= EXERCISE PROMPT =
Pictures do not belong in the copy. Return all of the entries exactly.

= MATERIALS PROVIDED =

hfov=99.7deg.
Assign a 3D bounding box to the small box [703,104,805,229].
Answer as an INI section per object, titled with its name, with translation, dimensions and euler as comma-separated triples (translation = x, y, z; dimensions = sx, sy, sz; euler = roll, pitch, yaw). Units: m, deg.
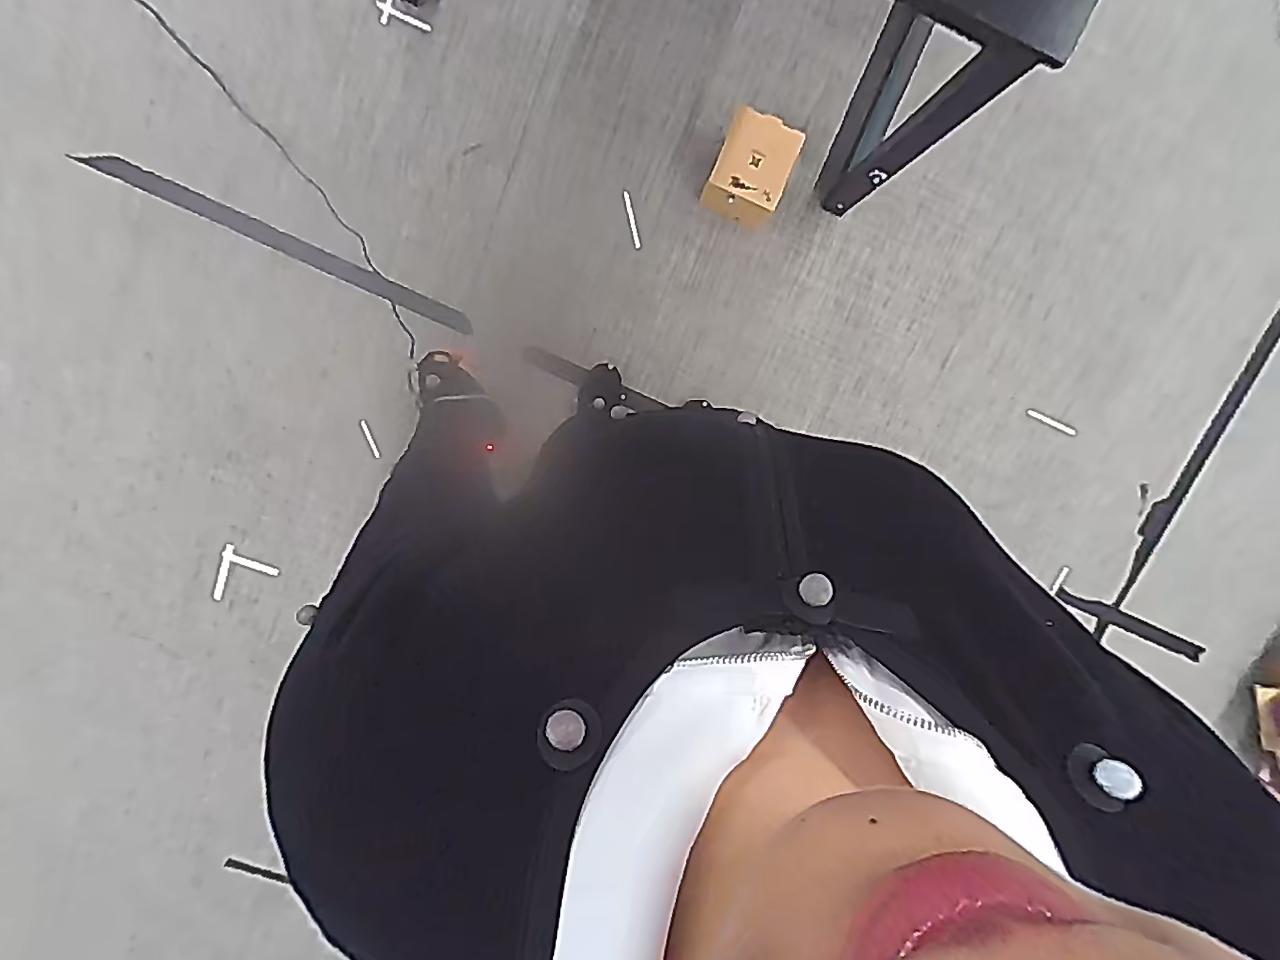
[small box]
translation = 0.259, -0.733, 1.286
dimensions = 0.168, 0.176, 0.179
euler = 22, 99, -4
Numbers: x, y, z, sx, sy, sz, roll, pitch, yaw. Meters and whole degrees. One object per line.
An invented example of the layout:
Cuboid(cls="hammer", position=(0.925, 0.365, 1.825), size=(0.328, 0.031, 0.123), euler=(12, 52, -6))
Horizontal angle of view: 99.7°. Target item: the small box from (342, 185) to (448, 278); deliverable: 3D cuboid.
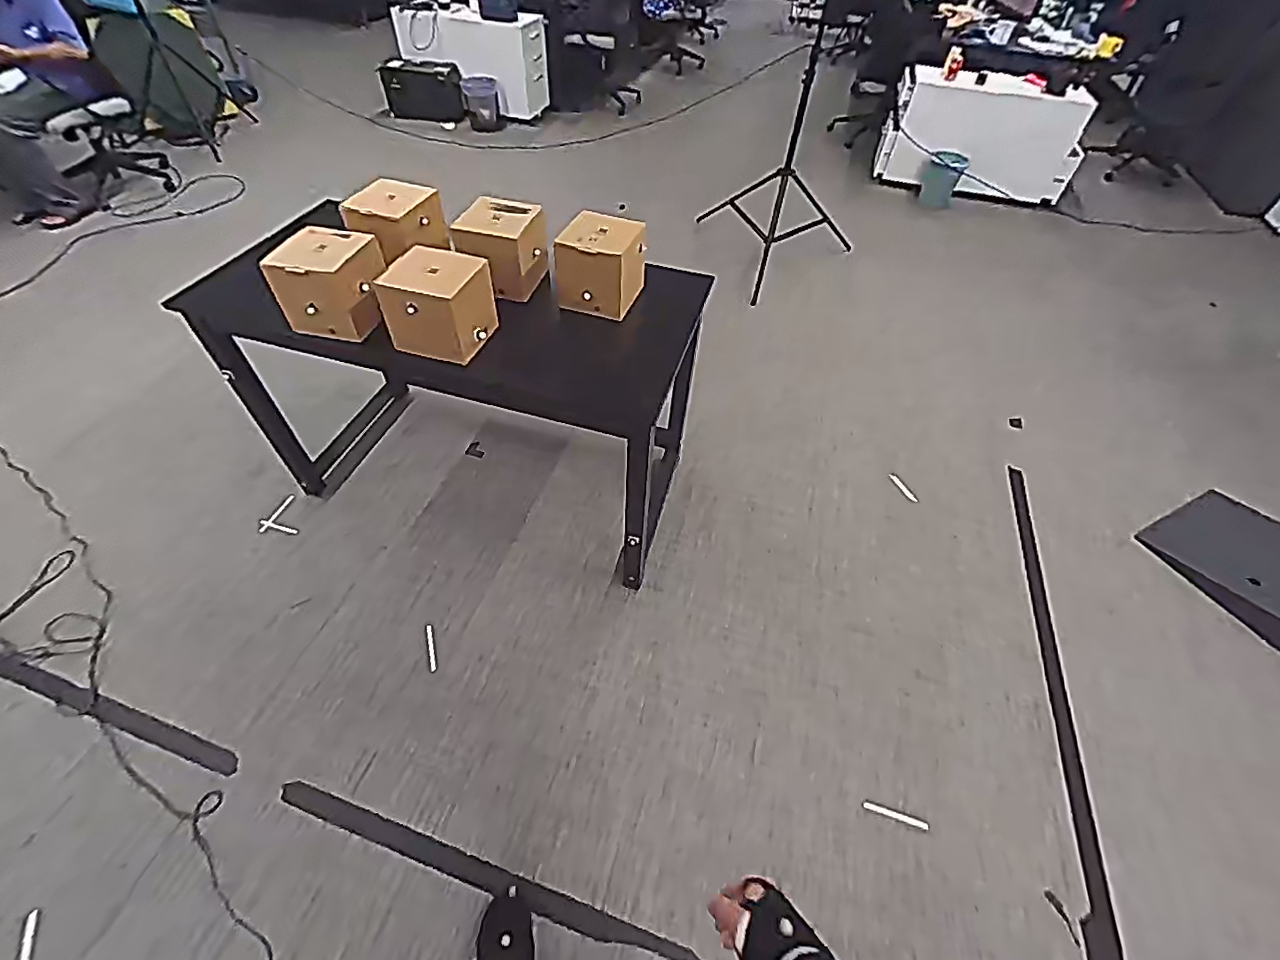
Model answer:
Cuboid(cls="small box", position=(-0.616, -0.624, 1.388), size=(0.168, 0.176, 0.179), euler=(15, 51, 10))

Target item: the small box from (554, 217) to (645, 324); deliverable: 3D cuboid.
Cuboid(cls="small box", position=(-0.096, -0.511, 1.318), size=(0.168, 0.176, 0.179), euler=(15, 51, 11))

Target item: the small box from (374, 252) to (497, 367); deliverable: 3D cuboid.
Cuboid(cls="small box", position=(-0.435, -0.370, 1.183), size=(0.179, 0.176, 0.168), euler=(14, 51, 8))

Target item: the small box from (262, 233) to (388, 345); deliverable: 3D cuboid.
Cuboid(cls="small box", position=(-0.684, -0.427, 1.215), size=(0.168, 0.176, 0.179), euler=(10, 50, 5))

= TASK ANSWER =
hfov=99.7deg.
Assign a 3D bounding box to the small box [703,104,805,229].
Answer as an INI section per object, titled with its name, with translation, dimensions and euler as comma-separated triples (translation = x, y, z; dimensions = sx, sy, sz; euler = roll, pitch, yaw). Units: m, deg.
[small box]
translation = 0.259, -0.733, 1.286
dimensions = 0.168, 0.176, 0.179
euler = 22, 99, -4
Numbers: x, y, z, sx, sy, sz, roll, pitch, yaw. Meters and whole degrees. One object per line.
An invented example of the layout:
Cuboid(cls="hammer", position=(0.925, 0.365, 1.825), size=(0.328, 0.031, 0.123), euler=(12, 52, -6))
Horizontal angle of view: 99.7°. Target item: the small box from (342, 185) to (448, 278); deliverable: 3D cuboid.
Model answer:
Cuboid(cls="small box", position=(-0.616, -0.624, 1.388), size=(0.168, 0.176, 0.179), euler=(15, 51, 10))

Target item: the small box from (554, 217) to (645, 324); deliverable: 3D cuboid.
Cuboid(cls="small box", position=(-0.096, -0.511, 1.318), size=(0.168, 0.176, 0.179), euler=(15, 51, 11))

Target item: the small box from (374, 252) to (497, 367); deliverable: 3D cuboid.
Cuboid(cls="small box", position=(-0.435, -0.370, 1.183), size=(0.179, 0.176, 0.168), euler=(14, 51, 8))

Target item: the small box from (262, 233) to (388, 345); deliverable: 3D cuboid.
Cuboid(cls="small box", position=(-0.684, -0.427, 1.215), size=(0.168, 0.176, 0.179), euler=(10, 50, 5))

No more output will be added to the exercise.